### About this task
Each line below must be reproduced exactly as it stands. Pictures stay out of the copy.

[Dataset records]
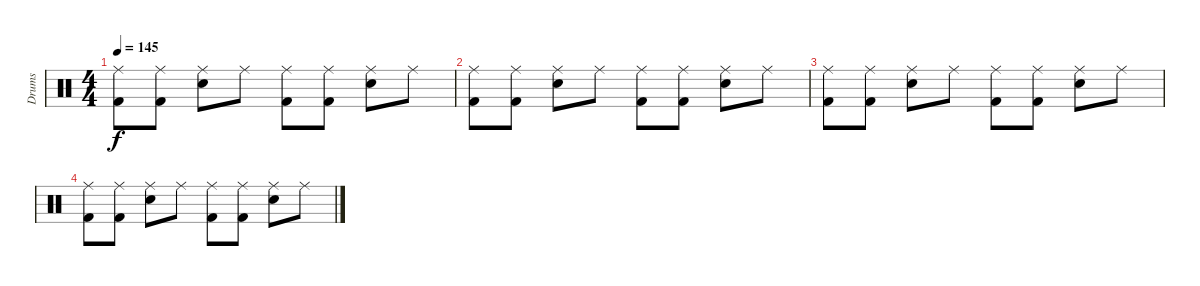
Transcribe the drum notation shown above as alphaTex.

\track ("Drums" "Drums") {instrument percussion}
\staff {score}
\articulation defaults
\ts (4 4)
\tempo 145
\clef neutral
\ks c
("Ride (middle)" "Kick (hit) 2").8{dy f} ("Ride (middle)" "Kick (hit) 2").8 ("Ride (middle)" "Snare (hit) 2").8 "Ride (middle)".8 ("Ride (middle)" "Kick (hit) 2").8 ("Ride (middle)" "Kick (hit) 2").8 ("Ride (middle)" "Snare (hit) 2").8 "Ride (middle)".8 |
("Ride (middle)" "Kick (hit) 2").8 ("Ride (middle)" "Kick (hit) 2").8 ("Ride (middle)" "Snare (hit) 2").8 "Ride (middle)".8 ("Ride (middle)" "Kick (hit) 2").8 ("Ride (middle)" "Kick (hit) 2").8 ("Ride (middle)" "Snare (hit) 2").8 "Ride (middle)".8 |
("Ride (middle)" "Kick (hit) 2").8 ("Ride (middle)" "Kick (hit) 2").8 ("Ride (middle)" "Snare (hit) 2").8 "Ride (middle)".8 ("Ride (middle)" "Kick (hit) 2").8 ("Ride (middle)" "Kick (hit) 2").8 ("Ride (middle)" "Snare (hit) 2").8 "Ride (middle)".8 |
("Ride (middle)" "Kick (hit) 2").8 ("Ride (middle)" "Kick (hit) 2").8 ("Ride (middle)" "Snare (hit) 2").8 "Ride (middle)".8 ("Ride (middle)" "Kick (hit) 2").8 ("Ride (middle)" "Kick (hit) 2").8 ("Ride (middle)" "Snare (hit) 2").8 "Ride (middle)".8
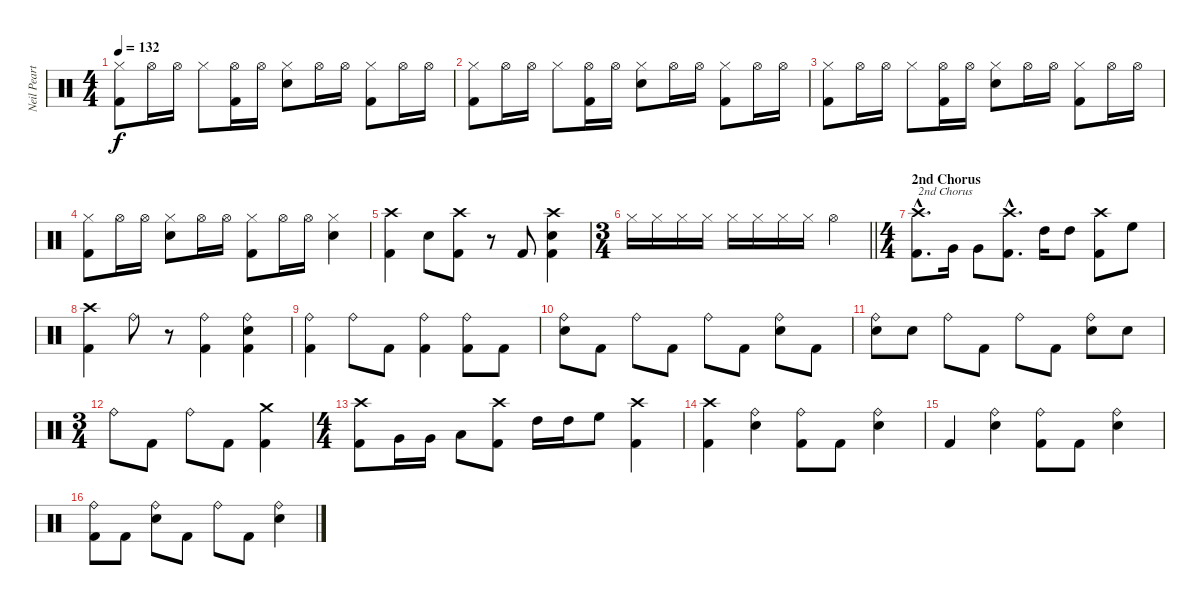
\track ("Neil Peart" "Neil Peart") {instrument percussion}
\staff {score}
\articulation defaults
\ts (4 4)
\tempo 132
\clef neutral
\ks c
("Hi-Hat (closed)" "Kick (hit) 2").8{dy f} "Hi-Hat (open)".16 "Hi-Hat (open)".16 "Hi-Hat (closed)".8 ("Hi-Hat (open)" "Kick (hit) 2").16 "Hi-Hat (open)".16 ("Hi-Hat (closed)" "Electric Snare (hit)").8 "Hi-Hat (open)".16 "Hi-Hat (open)".16 ("Hi-Hat (closed)" "Kick (hit) 2").8 "Hi-Hat (open)".16 "Hi-Hat (open)".16 |
("Hi-Hat (closed)" "Kick (hit) 2").8 "Hi-Hat (open)".16 "Hi-Hat (open)".16 "Hi-Hat (closed)".8 ("Hi-Hat (open)" "Kick (hit) 2").16 "Hi-Hat (open)".16 ("Hi-Hat (closed)" "Electric Snare (hit)").8 "Hi-Hat (open)".16 "Hi-Hat (open)".16 ("Hi-Hat (closed)" "Kick (hit) 2").8 "Hi-Hat (open)".16 "Hi-Hat (open)".16 |
("Hi-Hat (closed)" "Kick (hit) 2").8 "Hi-Hat (open)".16 "Hi-Hat (open)".16 "Hi-Hat (closed)".8 ("Hi-Hat (open)" "Kick (hit) 2").16 "Hi-Hat (open)".16 ("Hi-Hat (closed)" "Electric Snare (hit)").8 "Hi-Hat (open)".16 "Hi-Hat (open)".16 ("Hi-Hat (closed)" "Kick (hit) 2").8 "Hi-Hat (open)".16 "Hi-Hat (open)".16 |
("Hi-Hat (closed)" "Kick (hit) 2").8 "Hi-Hat (open)".16 "Hi-Hat (open)".16 ("Hi-Hat (closed)" "Electric Snare (hit)").8 "Hi-Hat (open)".16 "Hi-Hat (open)".16 ("Hi-Hat (closed)" "Kick (hit) 2").8 "Hi-Hat (open)".16 "Hi-Hat (open)".16 ("Hi-Hat (closed)" "Electric Snare (hit)").4 |
("Crash high (hit)" "Kick (hit) 2").4 "Electric Snare (hit)".8 ("Crash high (hit)" "Kick (hit) 2").8 r.8 "Kick (hit) 2".8 ("Crash high (hit)" "Electric Snare (hit)" "Kick (hit) 2").4 |
\ts (3 4)
\barLineRight lightlight "Hi-Hat (closed)".16 "Hi-Hat (closed)".16 "Hi-Hat (closed)".16 "Hi-Hat (closed)".16 "Hi-Hat (closed)".16 "Hi-Hat (closed)".16 "Hi-Hat (closed)".16 "Hi-Hat (closed)".16 "Hi-Hat (open)".4
|
\ts (4 4)
\section ("" "2nd Chorus")
("Crash high (hit)"{hac} "Kick (hit) 2"{hac}).8{d txt "2nd Chorus"} "Very Low Tom (hit)".16 "Very Low Tom (hit)".8 ("Crash high (hit)"{hac} "Kick (hit) 2"{hac}).8{d} "High Tom (hit)".16 "High Tom (hit)".8 ("Crash high (hit)" "Kick (hit) 2").8 "High Floor Tom (hit)".8 |
("Crash high (hit)" "Kick (hit) 2").4 "Ride (bell)".8 r.8 ("Ride (bell)" "Kick (hit) 2").4 ("Ride (bell)" "Electric Snare (hit)" "Kick (hit) 2").4 |
("Ride (bell)" "Kick (hit) 2").4 "Ride (bell)".8 "Kick (hit) 2".8 ("Ride (bell)" "Kick (hit) 2").4 ("Ride (bell)" "Kick (hit) 2").8 "Kick (hit) 2".8 |
("Ride (bell)" "Electric Snare (hit)").8 "Kick (hit) 2".8 "Ride (bell)".8 "Kick (hit) 2".8 "Ride (bell)".8 "Kick (hit) 2".8 ("Ride (bell)" "Electric Snare (hit)").8 "Kick (hit) 2".8 |
("Ride (bell)" "Electric Snare (hit)").8 "Electric Snare (hit)".8 "Ride (bell)".8 "Kick (hit) 2".8 "Ride (bell)".8 "Kick (hit) 2".8 ("Ride (bell)" "Electric Snare (hit)").8 "Electric Snare (hit)".8 |
\ts (3 4)
"Ride (bell)".8 "Kick (hit) 2".8 "Ride (bell)".8 "Kick (hit) 2".8 ("Crash medium (hit)" "Kick (hit) 2").4 |
\ts (4 4)
("Crash high (hit)" "Kick (hit) 2").8 "Very Low Tom (hit)".16 "Very Low Tom (hit)".16 "Low Tom (hit)".8 ("Crash high (hit)" "Kick (hit) 2").8 "High Tom (hit)".16 "High Tom (hit)".16 "High Floor Tom (hit)".8 ("Crash high (hit)" "Kick (hit) 2").4 |
("Crash high (hit)" "Kick (hit) 2").4 ("Ride (bell)" "Electric Snare (hit)").4 ("Ride (bell)" "Kick (hit) 2").8 "Kick (hit) 2".8 ("Ride (bell)" "Electric Snare (hit)").4 |
"Kick (hit) 2".4 ("Ride (bell)" "Electric Snare (hit)").4 ("Ride (bell)" "Kick (hit) 2").8 "Kick (hit) 2".8 ("Ride (bell)" "Electric Snare (hit)").4 |
("Ride (bell)" "Kick (hit) 2").8 "Kick (hit) 2".8 ("Ride (bell)" "Electric Snare (hit)").8 "Kick (hit) 2".8 "Ride (bell)".8 "Kick (hit) 2".8 ("Ride (bell)" "Electric Snare (hit)").4

### Problem solution
Transcribe the drum notation shown above as alphaTex.

\track ("Drums" "Drums") {instrument percussion}
\staff {score}
\articulation defaults
\ts (4 4)
\tempo 145
\clef neutral
\ks c
("Ride (middle)" "Kick (hit) 2").8{dy f} ("Ride (middle)" "Kick (hit) 2").8 ("Ride (middle)" "Snare (hit) 2").8 "Ride (middle)".8 ("Ride (middle)" "Kick (hit) 2").8 ("Ride (middle)" "Kick (hit) 2").8 ("Ride (middle)" "Snare (hit) 2").8 "Ride (middle)".8 |
("Ride (middle)" "Kick (hit) 2").8 ("Ride (middle)" "Kick (hit) 2").8 ("Ride (middle)" "Snare (hit) 2").8 "Ride (middle)".8 ("Ride (middle)" "Kick (hit) 2").8 ("Ride (middle)" "Kick (hit) 2").8 ("Ride (middle)" "Snare (hit) 2").8 "Ride (middle)".8 |
("Ride (middle)" "Kick (hit) 2").8 ("Ride (middle)" "Kick (hit) 2").8 ("Ride (middle)" "Snare (hit) 2").8 "Ride (middle)".8 ("Ride (middle)" "Kick (hit) 2").8 ("Ride (middle)" "Kick (hit) 2").8 ("Ride (middle)" "Snare (hit) 2").8 "Ride (middle)".8 |
("Ride (middle)" "Kick (hit) 2").8 ("Ride (middle)" "Kick (hit) 2").8 ("Ride (middle)" "Snare (hit) 2").8 "Ride (middle)".8 ("Ride (middle)" "Kick (hit) 2").8 ("Ride (middle)" "Kick (hit) 2").8 ("Ride (middle)" "Snare (hit) 2").8 "Ride (middle)".8
\track ("Neil Peart" "Neil Peart") {instrument percussion}
\staff {score}
\articulation defaults
\ts (4 4)
\tempo 132
\clef neutral
\ks c
("Hi-Hat (closed)" "Kick (hit) 2").8{dy f} "Hi-Hat (open)".16 "Hi-Hat (open)".16 "Hi-Hat (closed)".8 ("Hi-Hat (open)" "Kick (hit) 2").16 "Hi-Hat (open)".16 ("Hi-Hat (closed)" "Electric Snare (hit)").8 "Hi-Hat (open)".16 "Hi-Hat (open)".16 ("Hi-Hat (closed)" "Kick (hit) 2").8 "Hi-Hat (open)".16 "Hi-Hat (open)".16 |
("Hi-Hat (closed)" "Kick (hit) 2").8 "Hi-Hat (open)".16 "Hi-Hat (open)".16 "Hi-Hat (closed)".8 ("Hi-Hat (open)" "Kick (hit) 2").16 "Hi-Hat (open)".16 ("Hi-Hat (closed)" "Electric Snare (hit)").8 "Hi-Hat (open)".16 "Hi-Hat (open)".16 ("Hi-Hat (closed)" "Kick (hit) 2").8 "Hi-Hat (open)".16 "Hi-Hat (open)".16 |
("Hi-Hat (closed)" "Kick (hit) 2").8 "Hi-Hat (open)".16 "Hi-Hat (open)".16 "Hi-Hat (closed)".8 ("Hi-Hat (open)" "Kick (hit) 2").16 "Hi-Hat (open)".16 ("Hi-Hat (closed)" "Electric Snare (hit)").8 "Hi-Hat (open)".16 "Hi-Hat (open)".16 ("Hi-Hat (closed)" "Kick (hit) 2").8 "Hi-Hat (open)".16 "Hi-Hat (open)".16 |
("Hi-Hat (closed)" "Kick (hit) 2").8 "Hi-Hat (open)".16 "Hi-Hat (open)".16 ("Hi-Hat (closed)" "Electric Snare (hit)").8 "Hi-Hat (open)".16 "Hi-Hat (open)".16 ("Hi-Hat (closed)" "Kick (hit) 2").8 "Hi-Hat (open)".16 "Hi-Hat (open)".16 ("Hi-Hat (closed)" "Electric Snare (hit)").4 |
("Crash high (hit)" "Kick (hit) 2").4 "Electric Snare (hit)".8 ("Crash high (hit)" "Kick (hit) 2").8 r.8 "Kick (hit) 2".8 ("Crash high (hit)" "Electric Snare (hit)" "Kick (hit) 2").4 |
\ts (3 4)
\barLineRight lightlight "Hi-Hat (closed)".16 "Hi-Hat (closed)".16 "Hi-Hat (closed)".16 "Hi-Hat (closed)".16 "Hi-Hat (closed)".16 "Hi-Hat (closed)".16 "Hi-Hat (closed)".16 "Hi-Hat (closed)".16 "Hi-Hat (open)".4
|
\ts (4 4)
\section ("" "2nd Chorus")
("Crash high (hit)"{hac} "Kick (hit) 2"{hac}).8{d txt "2nd Chorus"} "Very Low Tom (hit)".16 "Very Low Tom (hit)".8 ("Crash high (hit)"{hac} "Kick (hit) 2"{hac}).8{d} "High Tom (hit)".16 "High Tom (hit)".8 ("Crash high (hit)" "Kick (hit) 2").8 "High Floor Tom (hit)".8 |
("Crash high (hit)" "Kick (hit) 2").4 "Ride (bell)".8 r.8 ("Ride (bell)" "Kick (hit) 2").4 ("Ride (bell)" "Electric Snare (hit)" "Kick (hit) 2").4 |
("Ride (bell)" "Kick (hit) 2").4 "Ride (bell)".8 "Kick (hit) 2".8 ("Ride (bell)" "Kick (hit) 2").4 ("Ride (bell)" "Kick (hit) 2").8 "Kick (hit) 2".8 |
("Ride (bell)" "Electric Snare (hit)").8 "Kick (hit) 2".8 "Ride (bell)".8 "Kick (hit) 2".8 "Ride (bell)".8 "Kick (hit) 2".8 ("Ride (bell)" "Electric Snare (hit)").8 "Kick (hit) 2".8 |
("Ride (bell)" "Electric Snare (hit)").8 "Electric Snare (hit)".8 "Ride (bell)".8 "Kick (hit) 2".8 "Ride (bell)".8 "Kick (hit) 2".8 ("Ride (bell)" "Electric Snare (hit)").8 "Electric Snare (hit)".8 |
\ts (3 4)
"Ride (bell)".8 "Kick (hit) 2".8 "Ride (bell)".8 "Kick (hit) 2".8 ("Crash medium (hit)" "Kick (hit) 2").4 |
\ts (4 4)
("Crash high (hit)" "Kick (hit) 2").8 "Very Low Tom (hit)".16 "Very Low Tom (hit)".16 "Low Tom (hit)".8 ("Crash high (hit)" "Kick (hit) 2").8 "High Tom (hit)".16 "High Tom (hit)".16 "High Floor Tom (hit)".8 ("Crash high (hit)" "Kick (hit) 2").4 |
("Crash high (hit)" "Kick (hit) 2").4 ("Ride (bell)" "Electric Snare (hit)").4 ("Ride (bell)" "Kick (hit) 2").8 "Kick (hit) 2".8 ("Ride (bell)" "Electric Snare (hit)").4 |
"Kick (hit) 2".4 ("Ride (bell)" "Electric Snare (hit)").4 ("Ride (bell)" "Kick (hit) 2").8 "Kick (hit) 2".8 ("Ride (bell)" "Electric Snare (hit)").4 |
("Ride (bell)" "Kick (hit) 2").8 "Kick (hit) 2".8 ("Ride (bell)" "Electric Snare (hit)").8 "Kick (hit) 2".8 "Ride (bell)".8 "Kick (hit) 2".8 ("Ride (bell)" "Electric Snare (hit)").4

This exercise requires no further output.